En la primera protesta, el mismo domingo 28 de junio, apenas éramos 300 personas, reconocen los dirigentes. El movimiento fue creciendo y alcanzó su techo el pasado domingo, en la manifestación hacia el aeropuerto. Pero gran parte de sus contingentes vienen del interior del país, lo cual complica sostener la resistencia en la capital.

Aunque Zelaya dice hoy que el pueblo tiene que mantenerse en la calle, los dirigentes resienten el desgaste. Desde el domingo algunos hablaban de llevar la resistencia a los departamentos, de estrangular las carreteras (en lo que tenemos mucha experiencia) y de bloquear el abasto de combustibles.

La base social zelayista es heredera de la revuelta que en 1988 prendió fuego al consulado de Estados Unidos en esta ciudad. Sin embargo, ahora ni siquiera han tratado de hacer pintas en ese edificio ni en las oficinas de la Organización de Estados Americanos o la Organización de Naciones Unidas. Sólo porras y letreros de agradecimiento.

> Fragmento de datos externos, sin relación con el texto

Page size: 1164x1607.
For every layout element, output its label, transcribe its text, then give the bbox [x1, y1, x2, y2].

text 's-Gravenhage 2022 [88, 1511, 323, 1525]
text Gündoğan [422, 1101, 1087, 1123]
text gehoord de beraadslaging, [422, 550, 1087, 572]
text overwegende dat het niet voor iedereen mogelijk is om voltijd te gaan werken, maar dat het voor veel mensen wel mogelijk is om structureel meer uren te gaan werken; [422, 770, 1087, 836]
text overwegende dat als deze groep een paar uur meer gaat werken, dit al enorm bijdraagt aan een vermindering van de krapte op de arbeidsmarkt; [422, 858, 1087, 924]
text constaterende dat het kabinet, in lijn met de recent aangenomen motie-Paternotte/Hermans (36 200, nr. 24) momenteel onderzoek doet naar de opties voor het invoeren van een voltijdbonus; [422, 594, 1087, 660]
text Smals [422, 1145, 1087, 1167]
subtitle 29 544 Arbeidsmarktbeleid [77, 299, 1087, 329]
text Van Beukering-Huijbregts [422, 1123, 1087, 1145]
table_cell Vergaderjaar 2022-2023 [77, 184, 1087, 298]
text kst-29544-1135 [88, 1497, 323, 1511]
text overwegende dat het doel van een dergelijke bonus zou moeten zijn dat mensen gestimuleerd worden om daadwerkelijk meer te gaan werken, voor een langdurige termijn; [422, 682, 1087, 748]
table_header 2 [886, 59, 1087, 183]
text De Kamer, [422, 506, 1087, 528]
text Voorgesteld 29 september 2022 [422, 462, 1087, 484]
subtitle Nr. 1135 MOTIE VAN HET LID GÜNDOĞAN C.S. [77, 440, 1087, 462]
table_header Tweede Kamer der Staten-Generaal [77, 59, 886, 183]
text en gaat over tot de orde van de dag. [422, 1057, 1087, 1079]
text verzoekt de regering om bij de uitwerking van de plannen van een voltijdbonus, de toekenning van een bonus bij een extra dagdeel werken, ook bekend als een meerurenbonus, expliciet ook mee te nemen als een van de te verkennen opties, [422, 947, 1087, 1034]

La salida del sur y la salida del norte

En el mundo al revés de la crisis hondureña la dura condena de Estados Unidos es contra el gobierno de facto, luego de que el canciller Enrique Ortez llamara negrito a Barack Obama. Hugo Llorens, embajador de Estados Unidos, es visto con recelo por los zelayistas, aunque éstos aseguran que los golpistas lo engañaron hasta el último minuto haciéndole creer que no habría golpe. Lo hicieron quedar como estúpido ante sus jefes de Washington, dice un colaborador del presidente Zelaya.

Llorens tuvo hoy una pequeña revancha en un comunicado: Expreso mi profunda indignación en relación con los desafortunados comentarios irrespetuosos y racialmente insensibles del señor Enrique Ortez Colindres sobre el presidente Barack Obama. Dichos comentarios son profundamente indignantes para el pueblo estadunidense.

La respuesta del embajador, sin embargo, es lo de menos, luego de que Obama dijera en Moscú que apoya el retorno de Zelaya, aun cuando se haya opuesto con fuerza a políticas estadunidenses.

Por la noche, el Frente de Resistencia contra el golpe de Estado discutía los siguientes pasos, así como el nombramiento de sus representantes que viajarán a Costa Rica. No vamos allá a hablar de otra negociación que no sea el retorno al orden constitucional, adelantaba Rafael Alegría, uno de los principales líderes de la resistencia.

Por el lado del gobierno de facto se hablaba de una delegación integrada por empresarios, representantes de los partidos políticos y de la sociedad civil.

Todo en una jornada que había comenzado por una posibilidad deslizada por el vocero de la Corte Suprema de Justicia, la misma en cuyas decisiones está fundamentado legalmente el golpe: la de que el Congreso concediera amnistía al presidente Zelaya para que éste pudiese volver al país. ¿Amnistía? Será para los golpistas, replica el diputado Marvin Ponce, del Partido Unificación Democrática.

Para no variar, como desde el día del golpe militar, Micheletti se queja de que el mundo no ha escuchado la versión de Honduras, sino únicamente la de los países del sur, en referencia a los miembros de la Alternativa Bolivariana de las Américas.

Pero tras el mensaje de Obama en Moscú y la reunión de Zelaya en Washington, un locutor de Radio Globo resume cómo se lee la jornada en estas tierras: Mel creía que podría tener su salida en el sur, y la está encontrando en el norte.

Las posturas irreconciliables se enfrentan este jueves al plan que Arias ha anticipado a partir de que Zelaya, Micheletti y los acompañantes de ambos entren a su casa: No dejarlos salir de aquí hasta que haya un acuerdo.